Konudan konuya geçmiyorum. Anlattıklarım tamamen kronolojik ve tarihi gerçekler. İnanmayanlar tek tek isimleri, tarihleri, olayları araştırabilir. Varsa bir çelişki yazabilir. Keşke konuyu baştan ve tamamen, tek ayrıntıyı atlamadan anlatma imkanım olsa ama bunun için koca bir kitap, hatta kitaplar silsilesi yazmak gerekir. Neyse devam ediyorum.

Zaman geçtikçe Hz. Süleyman'ın tapınağının derinliklerinde bulunan bu kara kaplı kitabın muhtevası da nesilden nesle aktarıldı. Bu ilimler sadece Müslümanlar değil Allah inancını taşıyan Hristiyan ve Yahudilere karşı da kullanıldı. Yine bizzat Yahudi olduğunu iddia edenler tarafından. İşte Yahudi ile siyonisti birbirinden ayıran nokta da burasıydı. Siyonistler tapınak şövalyelerini kucaklamış ve davalarında bu öğretileri kullanabileceklerini düşünmüşlerdi.

Osmanlı zamanında başta Hacı Bayramı Veli hazretleri olmak üzere bir çok rehber başta cifir ilmi olmak üzere, kabala öğretileri ve ebced ile de devletin bekası için meşgul olmuşlar, ileride olabilecek bazı şeylere işaret etmişlerdi. Bu yüzden Tapınak şövalyelerinin hedefinde sürekli Müslüman alimler vardı. İbn'i Arabi, Gazali, Hacı Bayramı Veli gibi bir çok rehber hayatları boyunca yüzlerce suikasta maruz kalmışlar ancak Allah'ın izni ile hepsinden kurtulmuşlardı. Bu alimleri ortadan kaldırmak istemelerinin sebebi bu alimlerin kurduğu savunma mekanizmasıydı. Yazımızın belki de en önemli kısmı burası. Bütün bu ilimleri bilmenin tek anlamı dışarıdan gelecek saldırılara karşı yine aynı ilimlerle savunma hattı oluşturmak, Devleti Âli Osmaniyeyi ve kumandanı yani sultanı korumaktı. Ve defalarca da korudular. İstanbulu fethetmek bize nasip olacak mı diye soran 2. Murad'a "Padişah’ım sana İstanbul’u almak nasip değildir. Fakat Yüce Peygamber’in hadisinde de belirttiği gibi İstanbul mutlaka fetholunacaktır. İstanbul’u senin şu beşikte yatan şehzaden Mehmed’le yanımızda oturan müridimiz köse Akşemseddin alacaktır. Fethi mübin bu ikisine nasip olacaktır. Ben dahi bu fethi göremeyeceğim" diyen Hacı Bayram-ı Veli hazretlerinin bunu cifir ve ebced ile çözdüğü tartışılmaz bir gerçektir.
Dostlar günümüzle ve başlıkla bu olanların ne ilgisi mi var?

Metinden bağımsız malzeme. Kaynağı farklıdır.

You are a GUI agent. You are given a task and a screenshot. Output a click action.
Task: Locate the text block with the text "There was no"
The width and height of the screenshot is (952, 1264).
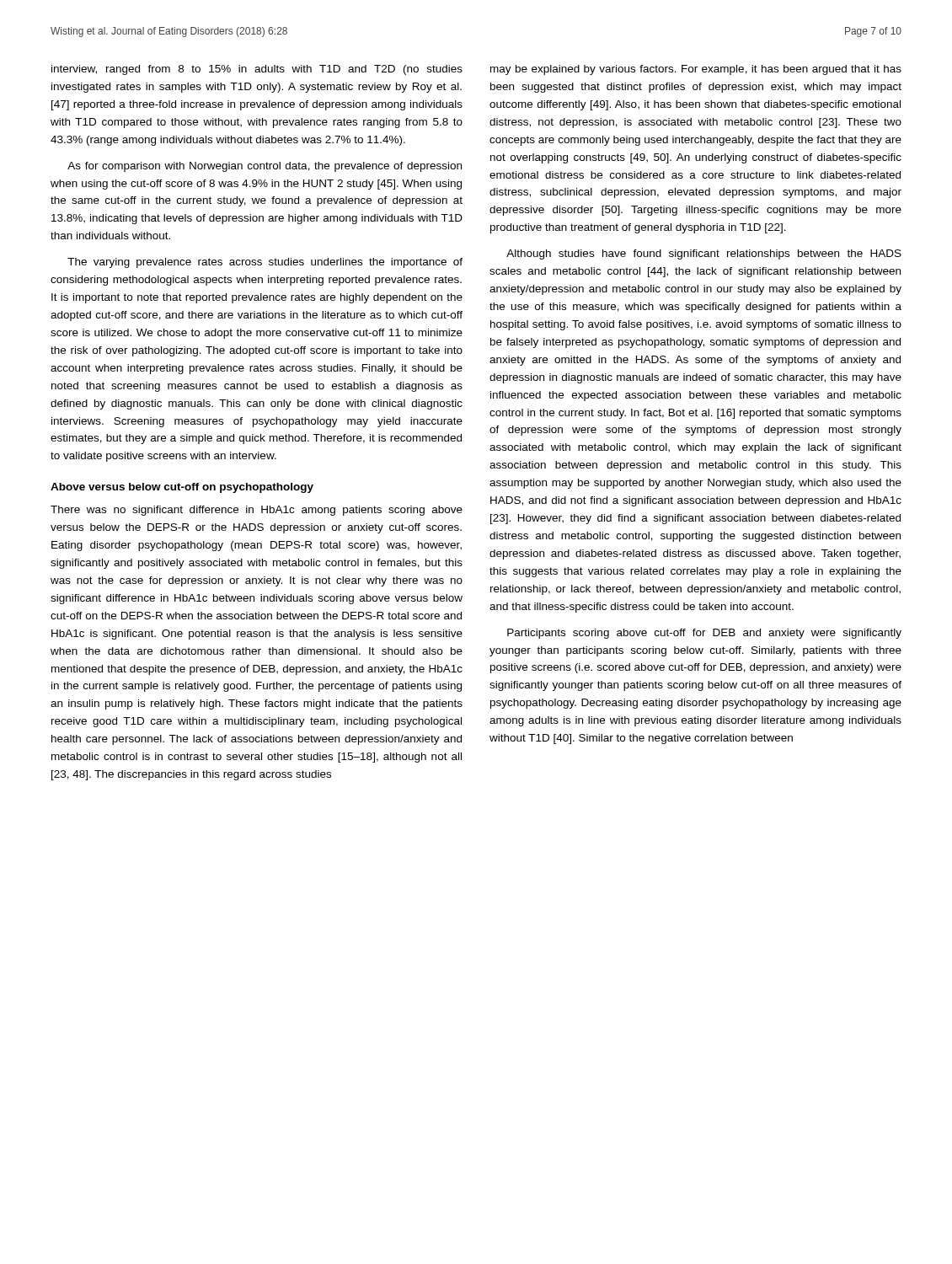click(x=257, y=643)
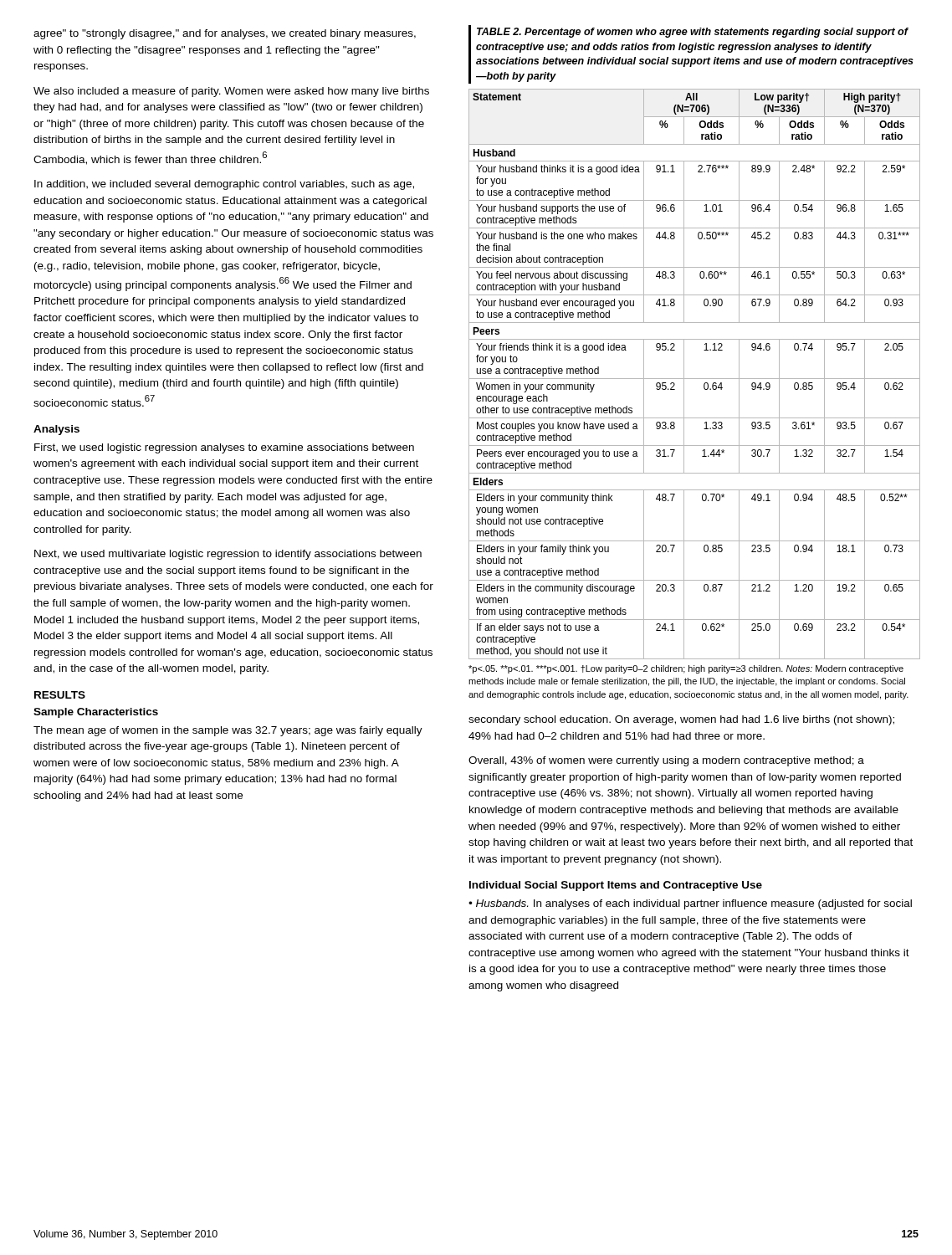Find the region starting "TABLE 2. Percentage of women"

pyautogui.click(x=695, y=54)
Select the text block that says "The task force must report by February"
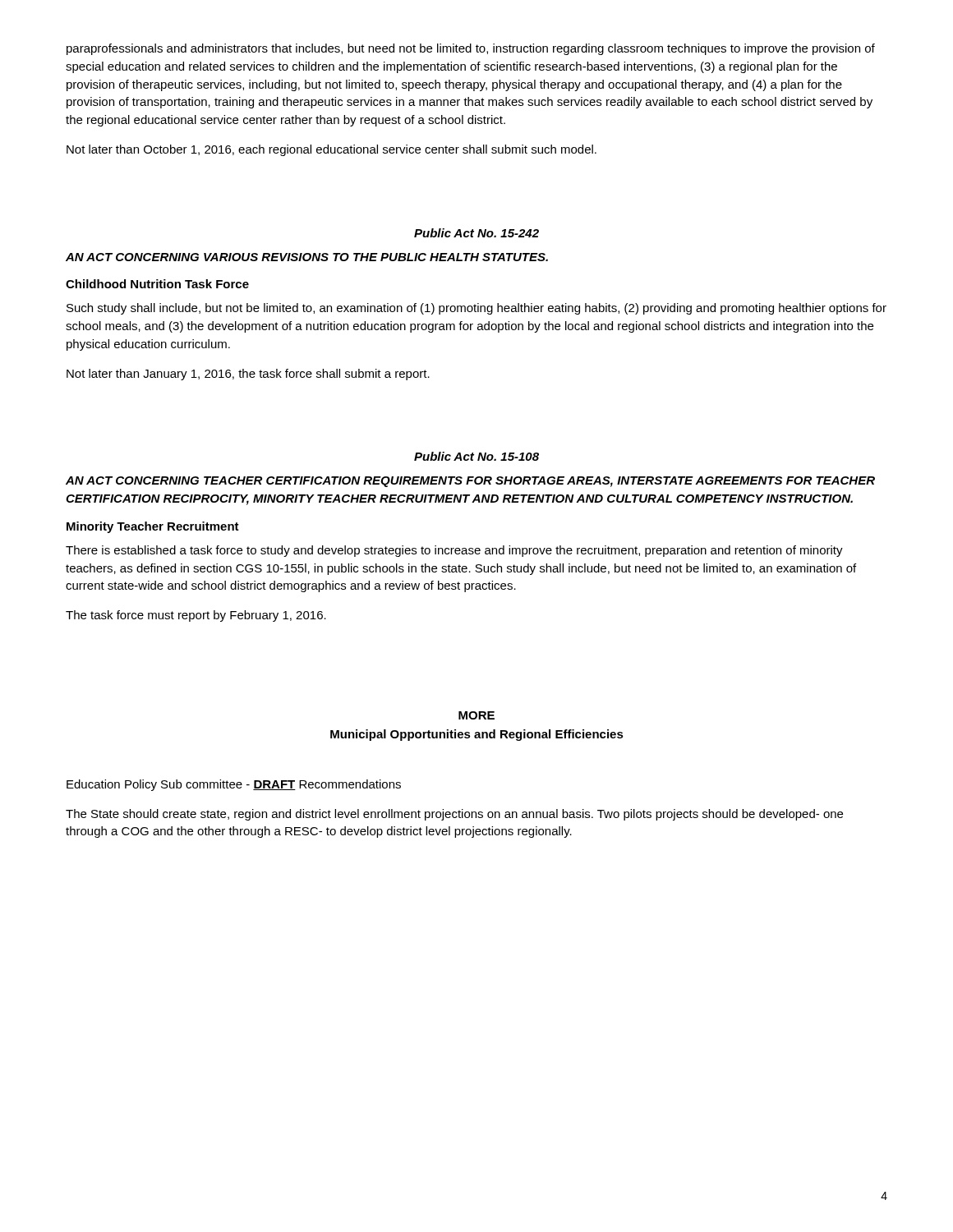The width and height of the screenshot is (953, 1232). point(196,615)
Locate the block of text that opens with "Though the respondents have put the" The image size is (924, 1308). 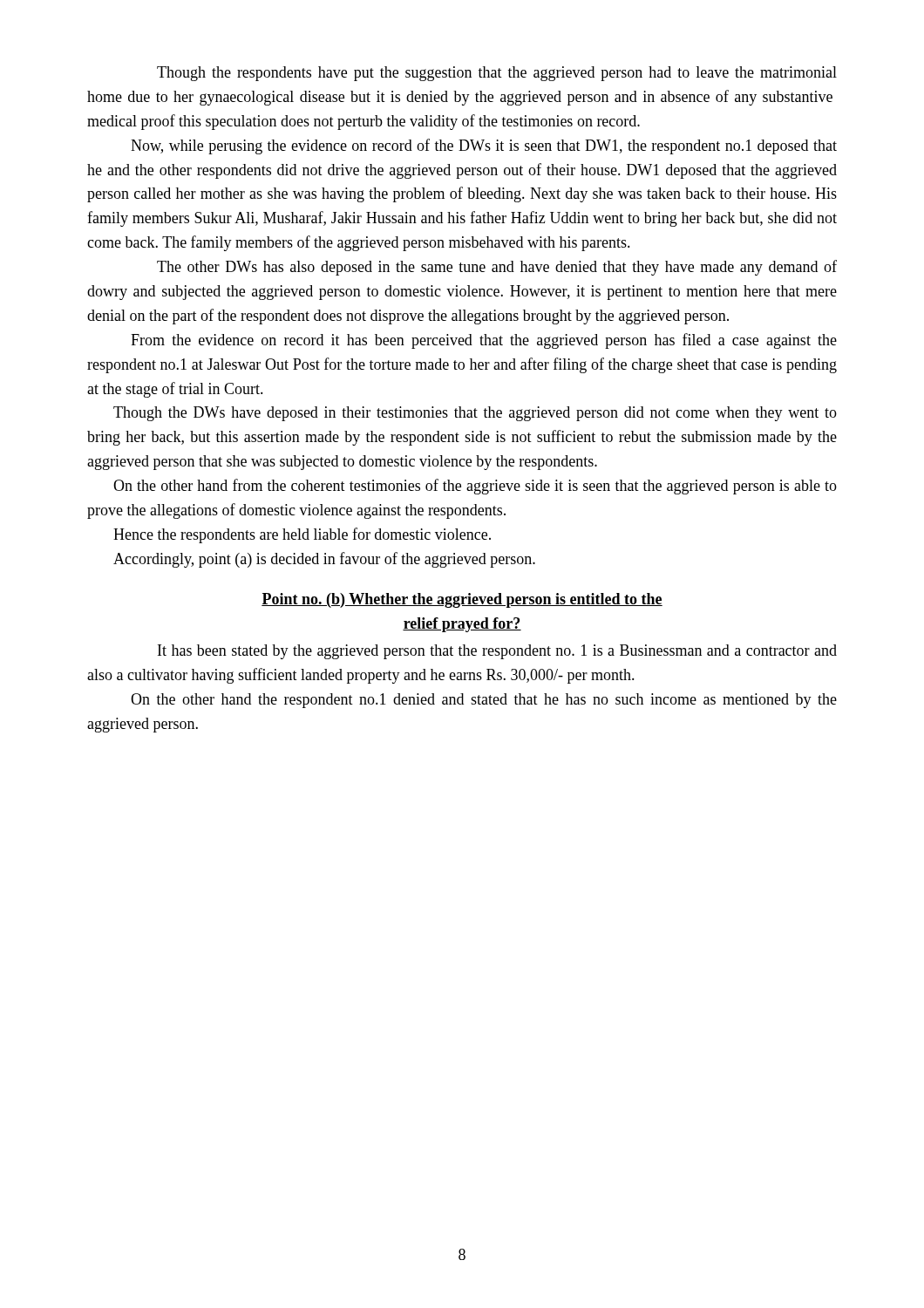coord(462,316)
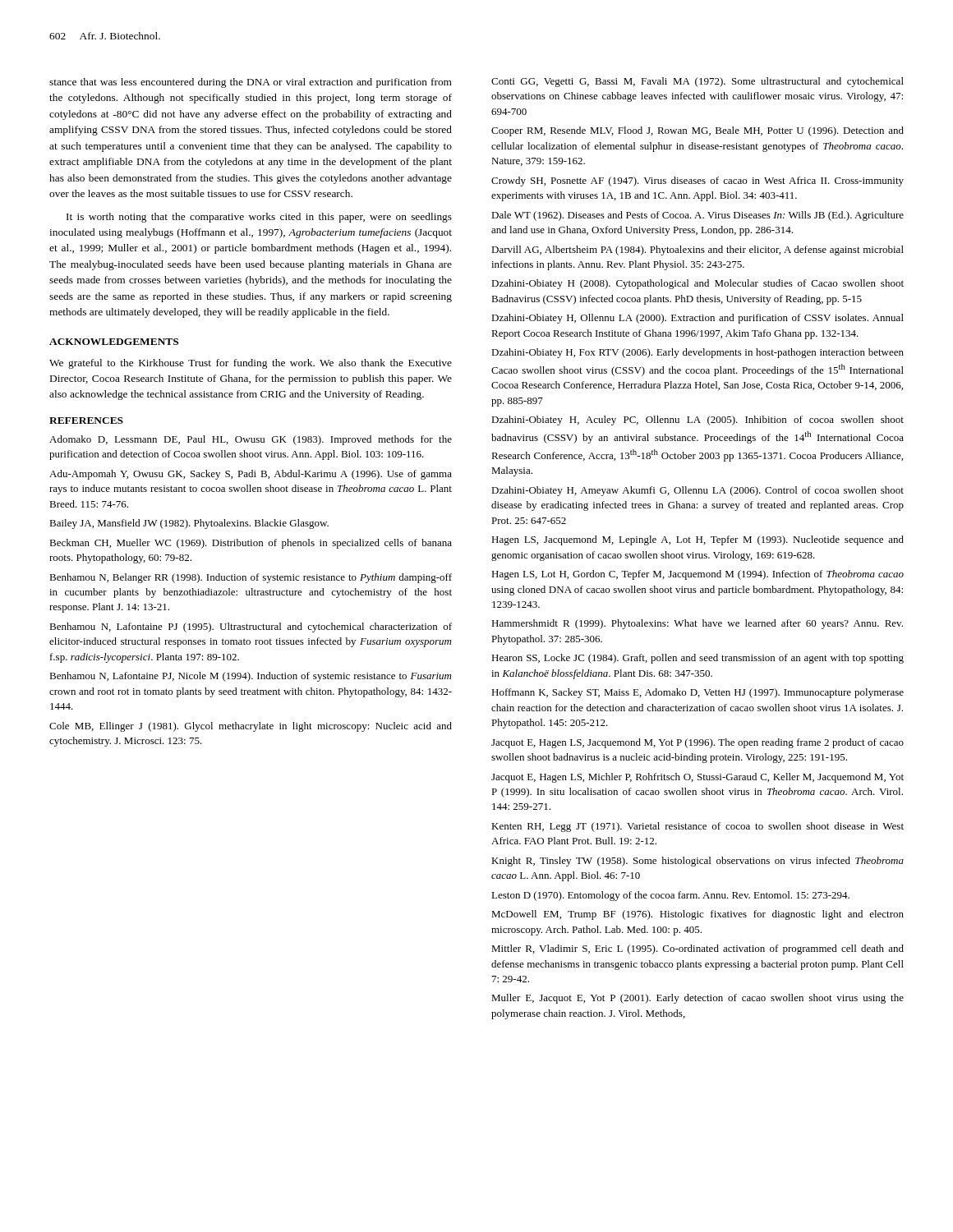
Task: Where is the passage that starts "Jacquot E, Hagen LS, Jacquemond M,"?
Action: [x=698, y=749]

Anlatayım. Aslında nerden başlayacağımı çok bilmiyorum. Erdoğan'ın attan düşme sebebini mi anlatayım. Buna sebep olan Londra'da uzun yıllardır yaşayan ve İngiltere'nin beslediği İranlı mollanın ismini mi vereyim? Tahşiye operasyonlarında yakalanan Kör Hoca Molla Muhammedin neden ortadan kaldırılmak istendiğini mi yazayım? Makam aracında üzerine kapı kilitlenen Başbakan'ın maruz kaldığı bu olayın aslında yine kara sözlerle işlenmiş suikast olduğunu mu anlatayım? Erdoğana Pensilvanyada yapılan bedduanın normal bir beddua olmadığı ve cifir ile kabaladaki ritüellere göre yapıldığını mı anlatayım? Yapılan bütün bu operasyonlara karşı Türkiye'de Diyanet İşleri Başkanı Mehmet Görmez'in yine 3 tane molla (Mela Muhammed, Mele Abdullah ve Mele Şirin) ile beraber kurdukları savunma hattını mı anlatayım? Bütün bu beddua seanslarına karşı alınan önlemleri mi?

Fantastik bir filim gibi geliyor değil mi size? Turgut Özal'ı hatırlayın o zaman. Özal'dan alınan örnekler üzerine yapılan bütün analizler zehirlenmediği ama bir sorun olmadan öldüğünü göstermekte. Özalı nasıl öldürdüler sizce? Yıllar önce 2014 yılında Gülen örgütünün sonunun geleceğini yazan Kör Molla Muhammedin hangi ilmi kullanarak bunu kaleme aldığını düşünüyorsunuz?

Soru sormadan anlatamam işte. Allah-u alem elimde bu örnekler olmasa size nasıl anlatacaktım onu da bilmiyorum. Ama bana susma Bisimit diyorlar. Yaz diyorlar. Yazayım da kime yazayım? Yazacak çok şey olunca ve işin içinde bizim doğa üstü dediğimiz ama aslında Kur'an ile sabit varlık ve ritüeller olunca sadece susup ölesi geliyor insanın.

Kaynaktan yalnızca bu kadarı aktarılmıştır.